Schermopname van de lijst met gehoste machines in de Power Automate-portal.

Als u een gehoste machine in de lijst selecteert, gaat u naar de pagina met gegevens over de gehoste machine waar u het volgende kunt doen:

  • De details van de machine weergeven en bewerken.
  • Toegang krijgen tot de machine.
  • De machine toevoegen aan een machinegroep.
  • De uitvoeringswachtrij controleren.
  • Eerdere uitvoeringen weergeven.
  • Lijst met bestaande verbindingen die naar de machine verwijzen.
  • Inrichtingsfouten op de machine weergeven, indien aanwezig.
  • Toegang toe de machine beheren.
  • De machine verwijderen.

Schermopname van de detailpagina voor een gehoste machine.

Gehoste machines delen

U kunt uw gehoste machines delen met andere gebruikers, zodat zij bureaubladstromen kunnen uitvoeren via de verbinding van de maker.

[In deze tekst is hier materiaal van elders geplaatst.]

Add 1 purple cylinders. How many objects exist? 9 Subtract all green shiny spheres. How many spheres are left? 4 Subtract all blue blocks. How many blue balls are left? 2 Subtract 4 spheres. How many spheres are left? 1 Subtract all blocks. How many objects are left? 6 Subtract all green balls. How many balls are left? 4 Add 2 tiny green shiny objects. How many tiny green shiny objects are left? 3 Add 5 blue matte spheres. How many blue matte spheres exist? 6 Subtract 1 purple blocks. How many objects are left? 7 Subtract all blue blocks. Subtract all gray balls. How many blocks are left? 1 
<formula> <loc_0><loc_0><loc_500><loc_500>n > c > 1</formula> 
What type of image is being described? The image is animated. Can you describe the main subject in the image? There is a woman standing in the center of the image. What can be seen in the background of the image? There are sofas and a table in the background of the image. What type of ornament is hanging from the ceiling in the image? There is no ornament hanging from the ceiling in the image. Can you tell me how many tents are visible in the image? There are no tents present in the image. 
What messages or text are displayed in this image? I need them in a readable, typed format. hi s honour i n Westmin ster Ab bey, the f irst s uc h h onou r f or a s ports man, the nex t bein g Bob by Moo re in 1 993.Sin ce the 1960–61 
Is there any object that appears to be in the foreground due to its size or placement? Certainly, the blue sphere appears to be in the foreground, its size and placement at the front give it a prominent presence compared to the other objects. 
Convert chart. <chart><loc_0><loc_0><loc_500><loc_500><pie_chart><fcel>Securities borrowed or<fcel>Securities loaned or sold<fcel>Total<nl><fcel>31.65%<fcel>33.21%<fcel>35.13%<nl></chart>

Een gehoste machine delen:

  1. Aanmelden bij Power Automate.

  2. Ga naar Controleren>Machines.

  3. Selecteer het tabblad Machines.

  4. Selecteer een gehoste machine in de lijst en navigeer naar de detailpagina hiervan.

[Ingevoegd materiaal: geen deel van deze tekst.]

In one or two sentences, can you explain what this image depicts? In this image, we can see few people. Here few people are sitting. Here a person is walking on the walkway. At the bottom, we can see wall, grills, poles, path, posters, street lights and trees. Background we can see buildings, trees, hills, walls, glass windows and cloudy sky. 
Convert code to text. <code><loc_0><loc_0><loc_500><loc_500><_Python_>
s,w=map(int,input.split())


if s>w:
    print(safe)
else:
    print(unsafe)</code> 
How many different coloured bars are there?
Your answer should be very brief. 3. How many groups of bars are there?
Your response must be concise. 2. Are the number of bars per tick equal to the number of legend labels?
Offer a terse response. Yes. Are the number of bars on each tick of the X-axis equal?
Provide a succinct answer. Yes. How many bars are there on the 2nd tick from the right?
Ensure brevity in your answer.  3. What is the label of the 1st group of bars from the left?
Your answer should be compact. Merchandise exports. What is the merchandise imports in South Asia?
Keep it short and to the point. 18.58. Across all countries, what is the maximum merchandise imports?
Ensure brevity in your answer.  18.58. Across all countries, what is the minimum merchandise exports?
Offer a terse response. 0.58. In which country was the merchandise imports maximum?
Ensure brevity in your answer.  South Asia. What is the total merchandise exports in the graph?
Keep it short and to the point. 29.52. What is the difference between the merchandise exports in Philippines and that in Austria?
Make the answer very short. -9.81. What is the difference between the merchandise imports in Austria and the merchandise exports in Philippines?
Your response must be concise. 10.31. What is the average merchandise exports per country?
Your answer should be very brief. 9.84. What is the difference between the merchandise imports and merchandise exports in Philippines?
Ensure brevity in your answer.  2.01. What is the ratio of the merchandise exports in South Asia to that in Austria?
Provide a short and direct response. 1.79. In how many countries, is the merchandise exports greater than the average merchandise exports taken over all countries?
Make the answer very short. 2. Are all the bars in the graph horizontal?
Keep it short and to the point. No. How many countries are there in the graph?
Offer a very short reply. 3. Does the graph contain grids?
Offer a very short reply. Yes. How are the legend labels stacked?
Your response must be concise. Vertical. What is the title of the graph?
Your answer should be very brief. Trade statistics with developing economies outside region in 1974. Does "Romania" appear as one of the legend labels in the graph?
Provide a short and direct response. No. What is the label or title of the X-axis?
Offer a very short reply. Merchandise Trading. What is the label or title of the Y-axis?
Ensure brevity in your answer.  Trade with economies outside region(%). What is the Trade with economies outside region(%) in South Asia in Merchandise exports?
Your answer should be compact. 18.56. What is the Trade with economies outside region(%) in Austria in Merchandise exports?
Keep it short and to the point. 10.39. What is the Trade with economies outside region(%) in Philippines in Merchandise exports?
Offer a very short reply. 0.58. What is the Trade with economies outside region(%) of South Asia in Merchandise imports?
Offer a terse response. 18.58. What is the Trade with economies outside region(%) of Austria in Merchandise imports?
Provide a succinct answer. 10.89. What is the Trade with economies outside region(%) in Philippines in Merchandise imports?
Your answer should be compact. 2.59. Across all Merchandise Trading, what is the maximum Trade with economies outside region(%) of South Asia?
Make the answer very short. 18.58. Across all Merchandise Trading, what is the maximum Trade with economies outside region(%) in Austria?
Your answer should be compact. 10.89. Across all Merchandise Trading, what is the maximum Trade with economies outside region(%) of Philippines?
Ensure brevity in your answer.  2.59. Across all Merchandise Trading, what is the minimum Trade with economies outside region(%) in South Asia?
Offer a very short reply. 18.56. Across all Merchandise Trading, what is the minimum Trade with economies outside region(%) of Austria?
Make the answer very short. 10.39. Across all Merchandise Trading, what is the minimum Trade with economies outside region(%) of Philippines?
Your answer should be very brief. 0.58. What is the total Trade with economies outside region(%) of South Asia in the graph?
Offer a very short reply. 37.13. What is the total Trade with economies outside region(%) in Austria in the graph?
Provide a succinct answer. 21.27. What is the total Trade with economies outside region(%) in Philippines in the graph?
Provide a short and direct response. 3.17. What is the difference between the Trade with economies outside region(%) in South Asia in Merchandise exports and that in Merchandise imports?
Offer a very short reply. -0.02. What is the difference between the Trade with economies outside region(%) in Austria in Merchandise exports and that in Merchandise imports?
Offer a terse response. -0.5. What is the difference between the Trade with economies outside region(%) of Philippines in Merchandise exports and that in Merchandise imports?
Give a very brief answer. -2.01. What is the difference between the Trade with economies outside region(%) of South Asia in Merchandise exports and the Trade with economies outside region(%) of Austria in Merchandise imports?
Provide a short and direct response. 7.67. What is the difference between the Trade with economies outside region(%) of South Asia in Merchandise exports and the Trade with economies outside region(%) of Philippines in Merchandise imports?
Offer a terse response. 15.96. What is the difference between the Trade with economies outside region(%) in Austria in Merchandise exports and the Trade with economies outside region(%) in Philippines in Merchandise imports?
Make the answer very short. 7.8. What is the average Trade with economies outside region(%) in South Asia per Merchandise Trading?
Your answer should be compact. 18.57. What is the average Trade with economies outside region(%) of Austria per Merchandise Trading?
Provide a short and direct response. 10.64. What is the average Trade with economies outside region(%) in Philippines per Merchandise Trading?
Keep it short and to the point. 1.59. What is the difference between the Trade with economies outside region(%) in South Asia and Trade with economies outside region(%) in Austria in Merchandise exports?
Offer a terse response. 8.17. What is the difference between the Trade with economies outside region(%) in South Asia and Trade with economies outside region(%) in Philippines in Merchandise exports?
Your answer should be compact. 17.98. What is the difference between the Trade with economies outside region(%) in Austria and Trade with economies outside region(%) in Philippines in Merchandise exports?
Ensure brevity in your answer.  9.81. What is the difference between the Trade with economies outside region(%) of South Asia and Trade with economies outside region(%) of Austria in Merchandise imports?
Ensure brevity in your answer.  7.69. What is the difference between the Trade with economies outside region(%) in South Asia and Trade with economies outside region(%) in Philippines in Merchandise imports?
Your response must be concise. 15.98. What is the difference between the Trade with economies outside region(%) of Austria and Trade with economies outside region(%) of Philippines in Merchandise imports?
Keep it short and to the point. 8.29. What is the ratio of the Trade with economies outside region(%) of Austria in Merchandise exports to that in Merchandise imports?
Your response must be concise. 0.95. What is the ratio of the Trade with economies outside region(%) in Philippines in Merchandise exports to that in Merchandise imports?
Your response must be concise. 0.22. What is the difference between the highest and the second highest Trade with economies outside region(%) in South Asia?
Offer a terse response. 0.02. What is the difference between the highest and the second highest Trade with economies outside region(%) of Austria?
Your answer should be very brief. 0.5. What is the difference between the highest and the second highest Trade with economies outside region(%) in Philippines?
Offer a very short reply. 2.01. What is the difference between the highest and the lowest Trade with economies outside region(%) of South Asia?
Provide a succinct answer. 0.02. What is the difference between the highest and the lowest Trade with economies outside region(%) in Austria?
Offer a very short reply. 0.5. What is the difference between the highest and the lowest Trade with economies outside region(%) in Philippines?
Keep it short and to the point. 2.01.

  5. Selecteer Toegang beheren.

  6. Voer de gebruikersnaam of het e-mailadres in waarmee u de gehoste machine wilt delen en selecteer de gebruiker die u wilt toevoegen.

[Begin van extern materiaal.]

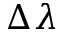<formula> <loc_0><loc_0><loc_500><loc_500>\Delta \lambda</formula>

  7. U kunt aan elke gebruiker verschillende machtigingen toekennen: Gebruiker of Mede-eigenaar.

    Machtiging van de Gebruiker staat de beoogde gebruiker alleen toe om bureaubladstromen uit te voeren op de geselecteerde gehoste machine. Een Mede-eigenaar kan ook de details van de gehoste machine bewerken.

Opmerking

  • Aanmeldingstoegang is alleen beschikbaar voor de maker van de gehoste machine.
  • U kunt een bureaubladstroom zonder toezicht uitvoeren met een werk- of schoolaccount dat verschilt van de maker van de gehoste machine, op voorwaarde dat u het account toevoegt op de gehoste machine.
  • Wanneer een gebruiker geen deel meer uitmaakt van een omgeving, kunt u de gebruiker blijven zien als gedeactiveerd. U krijgt een melding in de sectie Toegang beheren van de gehoste machine als deze wordt gedeeld met gedeactiveerde gebruikers. Verwijder in dit geval de toegang voor hen.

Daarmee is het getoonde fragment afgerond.